#### What needs to be done:
Copy each line of the entries beneath that contains the word "override".

#### Data entries:
......

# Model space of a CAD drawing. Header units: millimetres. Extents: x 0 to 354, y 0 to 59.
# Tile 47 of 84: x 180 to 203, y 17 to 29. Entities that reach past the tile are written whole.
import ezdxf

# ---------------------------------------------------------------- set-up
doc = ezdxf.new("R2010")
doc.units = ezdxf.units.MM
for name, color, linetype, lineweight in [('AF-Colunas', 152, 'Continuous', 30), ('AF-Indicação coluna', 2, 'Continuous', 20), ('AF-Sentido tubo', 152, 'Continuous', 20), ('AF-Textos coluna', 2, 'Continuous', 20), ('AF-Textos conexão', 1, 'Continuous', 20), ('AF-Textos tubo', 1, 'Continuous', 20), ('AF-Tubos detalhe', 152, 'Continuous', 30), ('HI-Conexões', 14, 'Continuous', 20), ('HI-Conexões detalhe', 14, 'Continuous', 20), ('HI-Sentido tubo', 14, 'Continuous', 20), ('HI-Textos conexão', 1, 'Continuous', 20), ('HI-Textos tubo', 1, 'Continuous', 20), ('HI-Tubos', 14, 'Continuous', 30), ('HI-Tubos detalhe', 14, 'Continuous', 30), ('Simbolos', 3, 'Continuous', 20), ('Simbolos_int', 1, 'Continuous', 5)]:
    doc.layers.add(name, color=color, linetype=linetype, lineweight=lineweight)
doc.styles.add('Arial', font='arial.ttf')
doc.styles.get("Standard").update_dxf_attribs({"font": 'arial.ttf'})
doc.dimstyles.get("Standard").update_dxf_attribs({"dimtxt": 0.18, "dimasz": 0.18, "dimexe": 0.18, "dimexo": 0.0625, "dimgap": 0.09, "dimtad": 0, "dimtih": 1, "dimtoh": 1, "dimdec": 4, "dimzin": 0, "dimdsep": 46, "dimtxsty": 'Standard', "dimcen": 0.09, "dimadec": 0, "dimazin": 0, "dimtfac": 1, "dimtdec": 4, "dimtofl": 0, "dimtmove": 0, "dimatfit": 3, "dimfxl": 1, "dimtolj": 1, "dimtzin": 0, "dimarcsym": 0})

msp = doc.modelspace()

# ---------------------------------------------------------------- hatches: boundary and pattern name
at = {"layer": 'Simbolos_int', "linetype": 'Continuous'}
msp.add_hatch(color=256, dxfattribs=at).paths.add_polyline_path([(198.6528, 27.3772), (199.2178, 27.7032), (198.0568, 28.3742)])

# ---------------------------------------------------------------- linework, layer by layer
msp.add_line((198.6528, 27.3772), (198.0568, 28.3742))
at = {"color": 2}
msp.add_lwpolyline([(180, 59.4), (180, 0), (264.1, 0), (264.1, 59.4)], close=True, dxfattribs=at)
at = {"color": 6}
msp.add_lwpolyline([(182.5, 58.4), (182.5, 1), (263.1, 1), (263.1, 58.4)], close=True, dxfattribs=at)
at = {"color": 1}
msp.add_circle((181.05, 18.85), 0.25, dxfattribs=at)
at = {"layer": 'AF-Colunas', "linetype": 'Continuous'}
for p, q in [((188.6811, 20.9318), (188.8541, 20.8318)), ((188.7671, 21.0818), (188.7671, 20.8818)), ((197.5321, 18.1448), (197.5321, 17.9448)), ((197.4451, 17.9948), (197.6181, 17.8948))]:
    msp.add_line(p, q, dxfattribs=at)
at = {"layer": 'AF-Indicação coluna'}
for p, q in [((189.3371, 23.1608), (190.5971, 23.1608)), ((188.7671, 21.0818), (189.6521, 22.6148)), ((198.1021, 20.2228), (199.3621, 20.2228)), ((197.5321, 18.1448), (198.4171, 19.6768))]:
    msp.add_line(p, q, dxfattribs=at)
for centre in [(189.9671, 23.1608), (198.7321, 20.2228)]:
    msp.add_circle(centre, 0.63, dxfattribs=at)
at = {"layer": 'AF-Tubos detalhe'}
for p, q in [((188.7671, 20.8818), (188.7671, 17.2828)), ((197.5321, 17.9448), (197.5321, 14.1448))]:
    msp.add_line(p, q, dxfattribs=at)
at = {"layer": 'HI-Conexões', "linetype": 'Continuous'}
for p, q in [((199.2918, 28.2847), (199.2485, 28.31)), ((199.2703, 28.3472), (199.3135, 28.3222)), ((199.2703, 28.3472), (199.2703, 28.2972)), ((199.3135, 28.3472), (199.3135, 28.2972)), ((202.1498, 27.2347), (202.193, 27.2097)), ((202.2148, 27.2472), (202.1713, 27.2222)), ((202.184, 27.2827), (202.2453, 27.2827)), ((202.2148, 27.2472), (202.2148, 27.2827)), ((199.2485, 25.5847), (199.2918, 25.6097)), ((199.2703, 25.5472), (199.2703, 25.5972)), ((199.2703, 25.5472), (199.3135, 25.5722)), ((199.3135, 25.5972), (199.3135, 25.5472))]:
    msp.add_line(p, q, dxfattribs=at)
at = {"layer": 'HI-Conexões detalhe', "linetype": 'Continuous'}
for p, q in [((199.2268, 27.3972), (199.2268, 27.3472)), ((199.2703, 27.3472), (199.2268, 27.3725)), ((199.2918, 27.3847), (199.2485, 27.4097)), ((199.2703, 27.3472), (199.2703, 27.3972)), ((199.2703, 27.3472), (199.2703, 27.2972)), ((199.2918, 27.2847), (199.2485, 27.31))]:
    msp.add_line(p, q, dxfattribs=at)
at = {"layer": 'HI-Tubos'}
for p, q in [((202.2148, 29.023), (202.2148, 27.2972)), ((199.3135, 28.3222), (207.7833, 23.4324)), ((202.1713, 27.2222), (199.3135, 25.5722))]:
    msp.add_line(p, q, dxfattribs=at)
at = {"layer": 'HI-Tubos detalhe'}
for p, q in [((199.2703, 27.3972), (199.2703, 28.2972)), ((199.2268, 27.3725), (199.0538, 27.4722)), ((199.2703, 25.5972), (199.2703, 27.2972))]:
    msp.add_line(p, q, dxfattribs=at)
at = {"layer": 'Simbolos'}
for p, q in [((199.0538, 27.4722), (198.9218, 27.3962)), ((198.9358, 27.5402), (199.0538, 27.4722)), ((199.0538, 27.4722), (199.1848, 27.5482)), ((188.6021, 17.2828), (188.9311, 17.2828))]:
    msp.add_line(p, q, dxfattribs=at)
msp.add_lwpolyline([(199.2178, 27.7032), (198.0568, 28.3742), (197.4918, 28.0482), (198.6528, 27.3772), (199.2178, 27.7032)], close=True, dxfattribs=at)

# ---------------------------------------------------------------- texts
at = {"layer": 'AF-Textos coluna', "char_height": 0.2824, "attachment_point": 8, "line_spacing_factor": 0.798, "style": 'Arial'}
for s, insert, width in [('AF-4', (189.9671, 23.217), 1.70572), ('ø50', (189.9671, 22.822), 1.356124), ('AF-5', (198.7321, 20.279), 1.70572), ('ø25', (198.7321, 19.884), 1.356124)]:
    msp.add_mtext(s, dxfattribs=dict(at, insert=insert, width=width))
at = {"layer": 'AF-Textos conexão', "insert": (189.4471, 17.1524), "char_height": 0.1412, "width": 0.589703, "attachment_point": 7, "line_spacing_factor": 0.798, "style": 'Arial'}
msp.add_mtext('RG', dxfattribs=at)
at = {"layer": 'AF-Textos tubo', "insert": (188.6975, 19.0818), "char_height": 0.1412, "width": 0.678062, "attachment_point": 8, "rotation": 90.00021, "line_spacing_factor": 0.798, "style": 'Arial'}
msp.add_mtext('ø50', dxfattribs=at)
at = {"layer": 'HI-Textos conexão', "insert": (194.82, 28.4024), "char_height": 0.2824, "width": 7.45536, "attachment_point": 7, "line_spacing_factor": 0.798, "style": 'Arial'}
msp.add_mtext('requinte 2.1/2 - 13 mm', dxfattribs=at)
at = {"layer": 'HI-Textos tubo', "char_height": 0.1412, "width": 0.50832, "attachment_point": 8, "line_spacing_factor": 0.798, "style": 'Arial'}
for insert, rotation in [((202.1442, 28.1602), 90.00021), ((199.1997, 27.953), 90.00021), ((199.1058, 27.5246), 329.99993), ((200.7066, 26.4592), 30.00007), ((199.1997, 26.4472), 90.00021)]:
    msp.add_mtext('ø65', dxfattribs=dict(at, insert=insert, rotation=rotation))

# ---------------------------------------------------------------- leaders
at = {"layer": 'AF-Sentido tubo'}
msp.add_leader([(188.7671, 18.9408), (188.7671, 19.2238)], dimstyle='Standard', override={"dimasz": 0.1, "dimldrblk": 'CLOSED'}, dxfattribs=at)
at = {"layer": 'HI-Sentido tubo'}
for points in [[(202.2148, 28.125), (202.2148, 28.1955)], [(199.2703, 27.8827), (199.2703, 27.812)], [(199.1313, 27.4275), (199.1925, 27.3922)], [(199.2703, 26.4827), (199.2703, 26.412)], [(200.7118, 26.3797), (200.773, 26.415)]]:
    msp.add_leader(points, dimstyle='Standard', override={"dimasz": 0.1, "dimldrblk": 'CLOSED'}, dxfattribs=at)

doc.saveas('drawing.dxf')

......

#### Answer to this task:
msp.add_leader([(188.7671, 18.9408), (188.7671, 19.2238)], dimstyle='Standard', override={"dimasz": 0.1, "dimldrblk": 'CLOSED'}, dxfattribs=at)
    msp.add_leader(points, dimstyle='Standard', override={"dimasz": 0.1, "dimldrblk": 'CLOSED'}, dxfattribs=at)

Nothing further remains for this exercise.